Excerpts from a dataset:
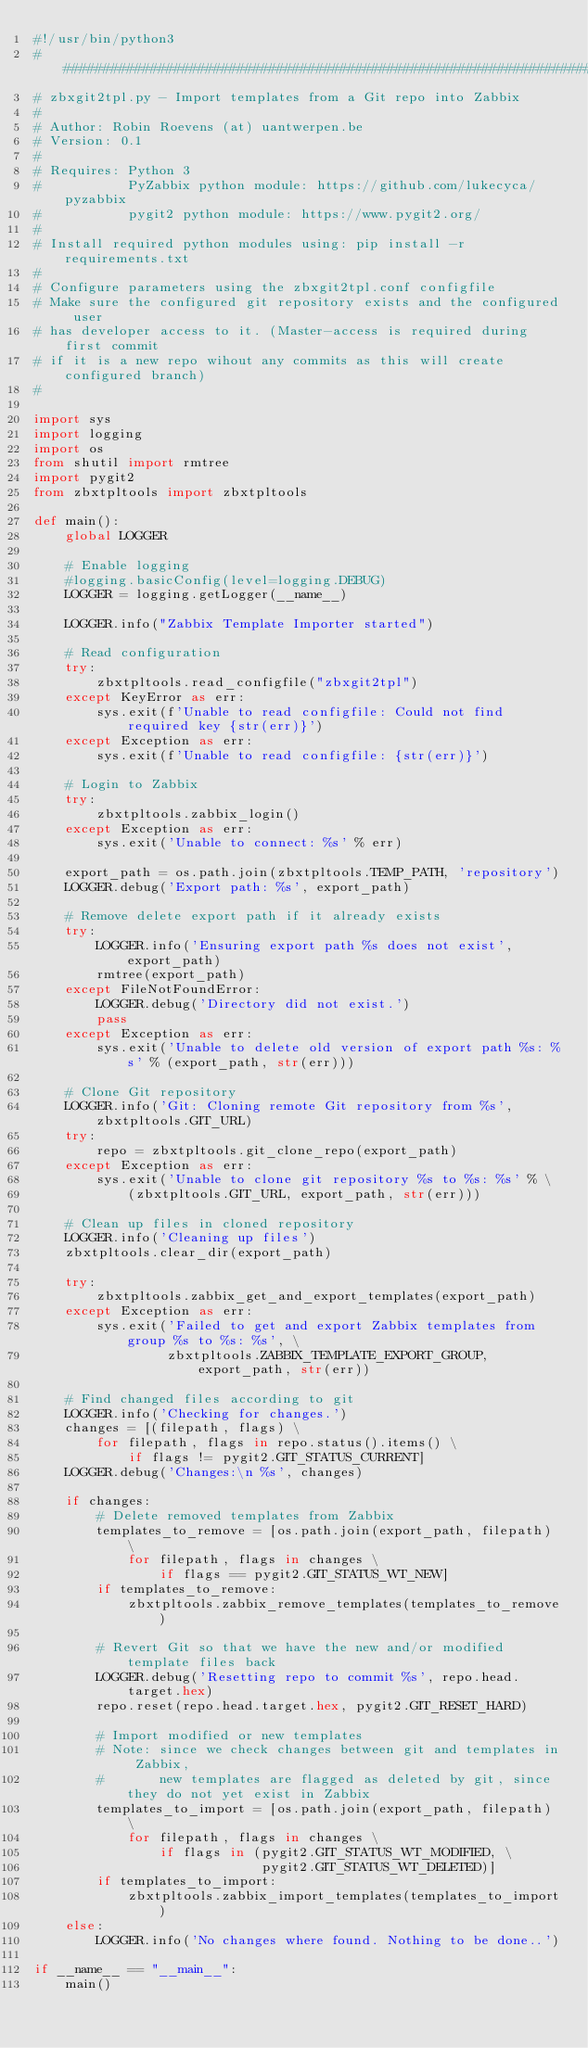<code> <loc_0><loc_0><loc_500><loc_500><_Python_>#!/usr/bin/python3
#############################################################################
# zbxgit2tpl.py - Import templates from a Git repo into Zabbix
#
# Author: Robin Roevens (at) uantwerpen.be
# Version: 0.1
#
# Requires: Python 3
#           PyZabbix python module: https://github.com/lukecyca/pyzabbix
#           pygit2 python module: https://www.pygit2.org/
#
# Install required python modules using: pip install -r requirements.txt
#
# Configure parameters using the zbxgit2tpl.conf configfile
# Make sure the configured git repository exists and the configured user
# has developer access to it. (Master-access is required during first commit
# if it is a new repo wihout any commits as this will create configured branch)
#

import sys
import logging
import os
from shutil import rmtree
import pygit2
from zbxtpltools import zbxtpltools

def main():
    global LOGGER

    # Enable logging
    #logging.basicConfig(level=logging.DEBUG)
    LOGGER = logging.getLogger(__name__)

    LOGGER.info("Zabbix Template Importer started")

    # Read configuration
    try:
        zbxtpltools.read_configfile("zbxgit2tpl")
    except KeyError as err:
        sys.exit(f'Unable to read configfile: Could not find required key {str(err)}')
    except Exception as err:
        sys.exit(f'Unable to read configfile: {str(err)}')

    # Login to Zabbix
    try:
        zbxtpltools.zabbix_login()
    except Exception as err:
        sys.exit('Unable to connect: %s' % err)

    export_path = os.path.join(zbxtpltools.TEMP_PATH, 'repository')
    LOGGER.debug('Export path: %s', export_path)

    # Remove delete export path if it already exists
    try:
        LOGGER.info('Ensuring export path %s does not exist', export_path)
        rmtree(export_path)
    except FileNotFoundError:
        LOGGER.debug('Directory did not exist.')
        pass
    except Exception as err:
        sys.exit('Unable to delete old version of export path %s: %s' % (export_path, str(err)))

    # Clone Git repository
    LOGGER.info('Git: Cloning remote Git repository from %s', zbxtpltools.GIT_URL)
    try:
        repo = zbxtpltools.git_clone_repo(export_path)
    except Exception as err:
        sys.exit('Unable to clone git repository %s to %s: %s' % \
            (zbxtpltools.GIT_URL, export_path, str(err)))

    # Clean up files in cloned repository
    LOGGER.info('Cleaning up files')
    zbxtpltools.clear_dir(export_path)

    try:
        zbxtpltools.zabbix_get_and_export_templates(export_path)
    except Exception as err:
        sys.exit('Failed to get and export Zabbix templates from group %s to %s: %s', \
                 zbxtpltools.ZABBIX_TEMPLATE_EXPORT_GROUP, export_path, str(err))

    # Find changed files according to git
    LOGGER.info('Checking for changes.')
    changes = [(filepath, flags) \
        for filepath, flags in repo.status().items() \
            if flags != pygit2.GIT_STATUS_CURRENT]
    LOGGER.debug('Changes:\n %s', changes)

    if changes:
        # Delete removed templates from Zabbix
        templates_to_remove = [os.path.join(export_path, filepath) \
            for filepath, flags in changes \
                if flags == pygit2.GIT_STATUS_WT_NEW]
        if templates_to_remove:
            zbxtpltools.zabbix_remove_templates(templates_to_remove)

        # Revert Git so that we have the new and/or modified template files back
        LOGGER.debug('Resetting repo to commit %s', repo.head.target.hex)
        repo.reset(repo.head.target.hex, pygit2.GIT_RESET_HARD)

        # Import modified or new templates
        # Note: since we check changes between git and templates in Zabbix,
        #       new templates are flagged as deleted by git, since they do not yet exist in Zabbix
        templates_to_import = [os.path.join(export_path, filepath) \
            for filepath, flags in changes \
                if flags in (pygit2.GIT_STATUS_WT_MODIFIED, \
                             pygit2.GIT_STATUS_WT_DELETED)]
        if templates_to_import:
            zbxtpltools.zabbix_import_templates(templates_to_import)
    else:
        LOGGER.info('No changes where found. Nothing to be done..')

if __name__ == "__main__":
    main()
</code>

==

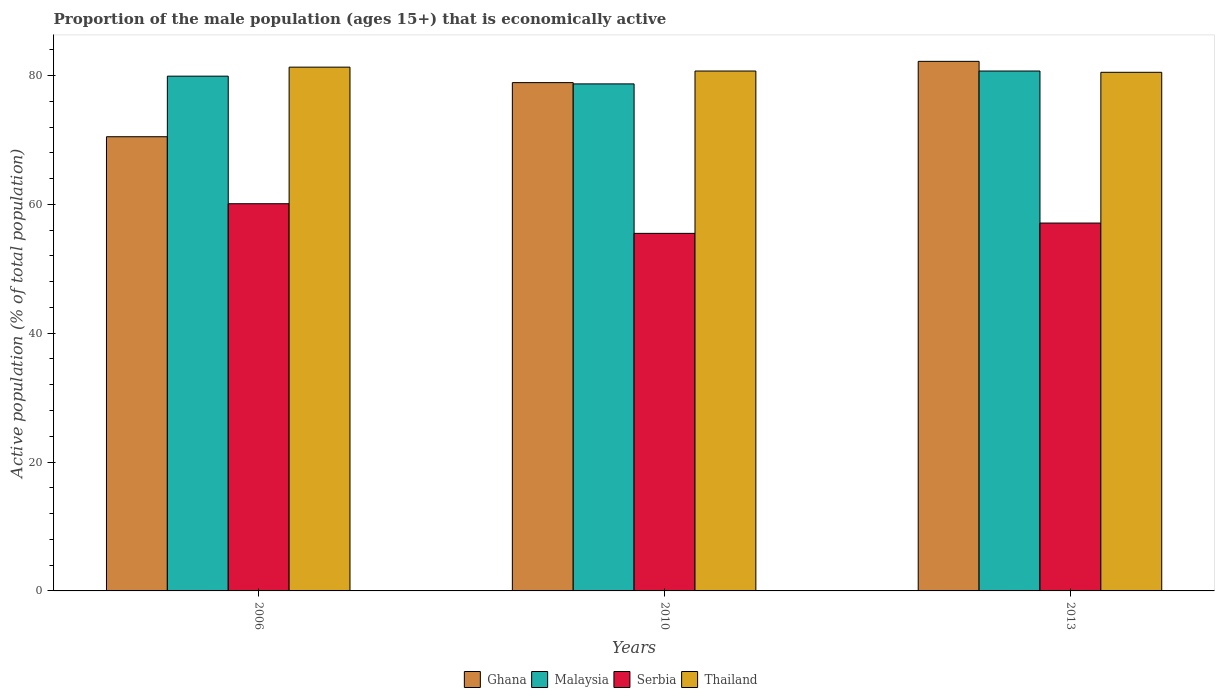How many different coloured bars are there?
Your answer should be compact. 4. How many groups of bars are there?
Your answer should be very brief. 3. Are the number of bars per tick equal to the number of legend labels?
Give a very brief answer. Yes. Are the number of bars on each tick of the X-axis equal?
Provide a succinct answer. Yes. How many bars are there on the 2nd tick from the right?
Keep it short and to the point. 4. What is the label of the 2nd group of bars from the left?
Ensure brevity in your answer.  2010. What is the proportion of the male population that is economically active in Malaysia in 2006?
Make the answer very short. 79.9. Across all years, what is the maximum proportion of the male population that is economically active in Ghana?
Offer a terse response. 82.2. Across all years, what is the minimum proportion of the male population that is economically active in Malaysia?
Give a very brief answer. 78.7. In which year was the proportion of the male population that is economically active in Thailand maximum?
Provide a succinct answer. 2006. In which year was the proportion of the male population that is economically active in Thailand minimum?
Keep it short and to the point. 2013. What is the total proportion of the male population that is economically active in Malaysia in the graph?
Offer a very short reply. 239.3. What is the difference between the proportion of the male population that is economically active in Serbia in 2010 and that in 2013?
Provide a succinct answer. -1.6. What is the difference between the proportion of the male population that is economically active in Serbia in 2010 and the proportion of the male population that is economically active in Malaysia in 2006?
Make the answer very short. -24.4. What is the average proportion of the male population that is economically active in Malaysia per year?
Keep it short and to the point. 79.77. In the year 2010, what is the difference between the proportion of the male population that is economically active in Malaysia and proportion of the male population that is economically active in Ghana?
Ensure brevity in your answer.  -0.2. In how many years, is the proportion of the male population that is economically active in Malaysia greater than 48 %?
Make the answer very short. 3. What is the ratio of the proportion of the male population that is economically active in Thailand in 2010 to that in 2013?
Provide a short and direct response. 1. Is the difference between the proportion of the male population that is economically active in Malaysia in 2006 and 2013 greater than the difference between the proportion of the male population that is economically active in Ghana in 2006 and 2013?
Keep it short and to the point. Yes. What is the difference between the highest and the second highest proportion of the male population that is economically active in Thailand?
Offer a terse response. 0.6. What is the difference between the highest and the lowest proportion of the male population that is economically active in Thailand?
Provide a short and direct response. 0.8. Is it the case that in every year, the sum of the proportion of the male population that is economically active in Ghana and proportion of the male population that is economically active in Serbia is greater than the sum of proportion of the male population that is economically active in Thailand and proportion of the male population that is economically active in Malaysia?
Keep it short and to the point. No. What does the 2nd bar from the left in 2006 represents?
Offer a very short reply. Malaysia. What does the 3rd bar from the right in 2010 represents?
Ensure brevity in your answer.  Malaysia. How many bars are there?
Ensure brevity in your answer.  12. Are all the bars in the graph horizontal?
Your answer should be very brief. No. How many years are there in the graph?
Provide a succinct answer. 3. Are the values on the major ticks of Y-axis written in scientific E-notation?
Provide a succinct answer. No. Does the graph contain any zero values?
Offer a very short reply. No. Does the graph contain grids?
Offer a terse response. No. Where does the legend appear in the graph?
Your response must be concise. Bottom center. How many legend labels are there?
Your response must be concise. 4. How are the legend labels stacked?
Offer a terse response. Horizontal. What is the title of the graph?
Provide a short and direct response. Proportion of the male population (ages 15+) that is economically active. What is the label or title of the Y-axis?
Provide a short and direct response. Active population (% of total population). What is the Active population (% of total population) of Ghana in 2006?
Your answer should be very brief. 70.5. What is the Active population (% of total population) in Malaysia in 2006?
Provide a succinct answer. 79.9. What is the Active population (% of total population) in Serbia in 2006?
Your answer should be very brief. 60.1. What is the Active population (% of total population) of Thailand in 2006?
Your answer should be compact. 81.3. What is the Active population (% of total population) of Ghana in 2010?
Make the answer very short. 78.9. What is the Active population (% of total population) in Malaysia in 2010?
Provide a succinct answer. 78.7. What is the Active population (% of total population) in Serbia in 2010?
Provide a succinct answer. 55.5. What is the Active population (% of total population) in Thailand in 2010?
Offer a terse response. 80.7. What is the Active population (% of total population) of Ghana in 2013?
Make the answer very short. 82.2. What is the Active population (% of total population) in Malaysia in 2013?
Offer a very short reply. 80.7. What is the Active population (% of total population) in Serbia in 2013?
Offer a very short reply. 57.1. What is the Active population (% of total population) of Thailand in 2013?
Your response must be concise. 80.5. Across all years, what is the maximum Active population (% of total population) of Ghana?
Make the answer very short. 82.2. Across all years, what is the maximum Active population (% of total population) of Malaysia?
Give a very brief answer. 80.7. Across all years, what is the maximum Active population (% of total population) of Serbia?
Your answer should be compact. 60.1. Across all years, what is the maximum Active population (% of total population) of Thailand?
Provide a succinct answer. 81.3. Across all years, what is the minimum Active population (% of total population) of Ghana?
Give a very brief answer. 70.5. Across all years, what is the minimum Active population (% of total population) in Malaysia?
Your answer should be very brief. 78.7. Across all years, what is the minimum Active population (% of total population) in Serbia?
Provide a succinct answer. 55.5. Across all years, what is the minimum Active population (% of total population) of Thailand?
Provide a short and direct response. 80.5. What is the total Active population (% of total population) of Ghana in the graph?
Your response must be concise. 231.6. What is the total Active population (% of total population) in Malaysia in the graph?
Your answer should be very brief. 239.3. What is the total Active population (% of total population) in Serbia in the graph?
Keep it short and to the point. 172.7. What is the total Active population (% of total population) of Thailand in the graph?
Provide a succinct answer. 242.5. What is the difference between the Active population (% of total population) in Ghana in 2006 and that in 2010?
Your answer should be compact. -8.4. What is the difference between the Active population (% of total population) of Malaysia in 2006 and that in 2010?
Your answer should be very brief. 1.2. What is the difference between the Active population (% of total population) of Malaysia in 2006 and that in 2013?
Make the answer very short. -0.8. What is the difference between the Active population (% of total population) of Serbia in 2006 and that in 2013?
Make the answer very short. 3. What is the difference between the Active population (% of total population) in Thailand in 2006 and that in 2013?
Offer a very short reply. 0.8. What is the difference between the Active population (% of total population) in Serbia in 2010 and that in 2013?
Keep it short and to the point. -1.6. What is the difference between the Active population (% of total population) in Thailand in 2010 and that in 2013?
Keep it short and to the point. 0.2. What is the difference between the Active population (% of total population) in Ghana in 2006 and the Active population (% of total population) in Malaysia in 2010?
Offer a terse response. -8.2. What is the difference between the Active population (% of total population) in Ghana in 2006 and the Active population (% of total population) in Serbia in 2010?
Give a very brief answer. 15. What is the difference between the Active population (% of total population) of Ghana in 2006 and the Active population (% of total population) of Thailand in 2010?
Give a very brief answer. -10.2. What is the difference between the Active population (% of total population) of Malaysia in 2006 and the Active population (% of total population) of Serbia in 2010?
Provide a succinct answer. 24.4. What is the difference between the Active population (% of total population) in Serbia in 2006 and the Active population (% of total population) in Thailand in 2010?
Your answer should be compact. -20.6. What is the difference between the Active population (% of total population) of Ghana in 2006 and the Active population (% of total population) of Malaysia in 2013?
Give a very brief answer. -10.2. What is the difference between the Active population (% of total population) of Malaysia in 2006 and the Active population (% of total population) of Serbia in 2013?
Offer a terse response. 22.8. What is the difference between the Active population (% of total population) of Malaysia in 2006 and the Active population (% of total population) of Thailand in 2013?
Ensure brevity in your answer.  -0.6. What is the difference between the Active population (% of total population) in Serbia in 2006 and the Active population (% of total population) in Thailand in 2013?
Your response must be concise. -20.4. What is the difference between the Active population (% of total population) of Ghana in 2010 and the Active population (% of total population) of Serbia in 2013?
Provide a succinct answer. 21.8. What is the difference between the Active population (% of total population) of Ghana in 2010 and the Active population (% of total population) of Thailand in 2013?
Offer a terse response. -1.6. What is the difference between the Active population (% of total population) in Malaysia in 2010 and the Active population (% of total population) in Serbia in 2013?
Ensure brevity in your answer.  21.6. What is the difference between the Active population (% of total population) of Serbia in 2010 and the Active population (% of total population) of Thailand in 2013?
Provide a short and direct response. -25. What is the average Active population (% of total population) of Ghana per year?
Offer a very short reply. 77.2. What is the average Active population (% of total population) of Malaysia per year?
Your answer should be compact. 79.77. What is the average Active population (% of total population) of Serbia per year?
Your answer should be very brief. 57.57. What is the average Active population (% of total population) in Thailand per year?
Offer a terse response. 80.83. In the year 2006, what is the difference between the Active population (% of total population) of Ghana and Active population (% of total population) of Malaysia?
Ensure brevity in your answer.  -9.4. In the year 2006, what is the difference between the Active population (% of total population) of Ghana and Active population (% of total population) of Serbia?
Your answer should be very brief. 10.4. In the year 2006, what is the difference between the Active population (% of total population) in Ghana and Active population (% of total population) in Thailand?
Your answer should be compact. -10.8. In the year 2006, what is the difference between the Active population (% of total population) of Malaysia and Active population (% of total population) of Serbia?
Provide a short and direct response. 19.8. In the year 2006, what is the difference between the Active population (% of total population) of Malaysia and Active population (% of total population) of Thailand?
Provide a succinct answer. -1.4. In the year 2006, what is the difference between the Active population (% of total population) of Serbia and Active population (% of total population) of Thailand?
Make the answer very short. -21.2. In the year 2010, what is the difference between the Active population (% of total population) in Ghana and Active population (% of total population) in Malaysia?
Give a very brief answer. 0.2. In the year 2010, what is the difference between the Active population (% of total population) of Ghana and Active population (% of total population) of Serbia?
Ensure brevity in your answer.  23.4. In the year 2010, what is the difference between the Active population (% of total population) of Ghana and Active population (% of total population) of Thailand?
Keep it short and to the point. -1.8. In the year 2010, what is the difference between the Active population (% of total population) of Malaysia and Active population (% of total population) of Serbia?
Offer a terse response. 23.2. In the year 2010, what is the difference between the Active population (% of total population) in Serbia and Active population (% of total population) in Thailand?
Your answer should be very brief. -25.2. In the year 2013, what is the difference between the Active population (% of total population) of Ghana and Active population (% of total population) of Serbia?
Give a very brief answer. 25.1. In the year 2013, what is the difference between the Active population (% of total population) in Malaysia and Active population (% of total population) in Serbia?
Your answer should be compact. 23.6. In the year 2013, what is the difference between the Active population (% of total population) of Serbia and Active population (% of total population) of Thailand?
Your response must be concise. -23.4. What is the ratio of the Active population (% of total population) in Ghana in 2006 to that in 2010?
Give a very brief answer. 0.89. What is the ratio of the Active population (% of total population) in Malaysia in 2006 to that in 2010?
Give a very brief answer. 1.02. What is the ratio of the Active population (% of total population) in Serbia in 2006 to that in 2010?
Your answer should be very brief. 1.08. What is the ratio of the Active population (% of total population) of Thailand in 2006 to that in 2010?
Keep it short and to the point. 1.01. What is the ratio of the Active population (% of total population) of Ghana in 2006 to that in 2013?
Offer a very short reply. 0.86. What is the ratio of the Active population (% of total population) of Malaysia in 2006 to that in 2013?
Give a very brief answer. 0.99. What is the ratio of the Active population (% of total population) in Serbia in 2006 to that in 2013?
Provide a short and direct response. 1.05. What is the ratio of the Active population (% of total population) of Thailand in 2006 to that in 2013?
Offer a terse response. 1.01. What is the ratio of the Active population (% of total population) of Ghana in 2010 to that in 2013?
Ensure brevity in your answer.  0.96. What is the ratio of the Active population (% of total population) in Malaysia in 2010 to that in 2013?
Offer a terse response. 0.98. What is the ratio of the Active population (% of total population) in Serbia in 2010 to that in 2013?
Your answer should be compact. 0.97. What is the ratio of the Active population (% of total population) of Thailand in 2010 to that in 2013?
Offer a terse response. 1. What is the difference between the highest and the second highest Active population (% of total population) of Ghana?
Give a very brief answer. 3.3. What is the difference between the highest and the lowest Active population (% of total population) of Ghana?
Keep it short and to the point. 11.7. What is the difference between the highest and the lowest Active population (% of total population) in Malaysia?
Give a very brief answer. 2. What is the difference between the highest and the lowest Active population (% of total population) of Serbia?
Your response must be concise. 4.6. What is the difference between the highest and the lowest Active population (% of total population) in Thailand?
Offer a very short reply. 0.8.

__TASK DESCRIPTION__
Among the lines above, list those that contain the word "info".

__THE COMPLETED TASK__
    LOGGER.info("Zabbix Template Importer started")
        LOGGER.info('Ensuring export path %s does not exist', export_path)
    LOGGER.info('Git: Cloning remote Git repository from %s', zbxtpltools.GIT_URL)
    LOGGER.info('Cleaning up files')
    LOGGER.info('Checking for changes.')
        LOGGER.info('No changes where found. Nothing to be done..')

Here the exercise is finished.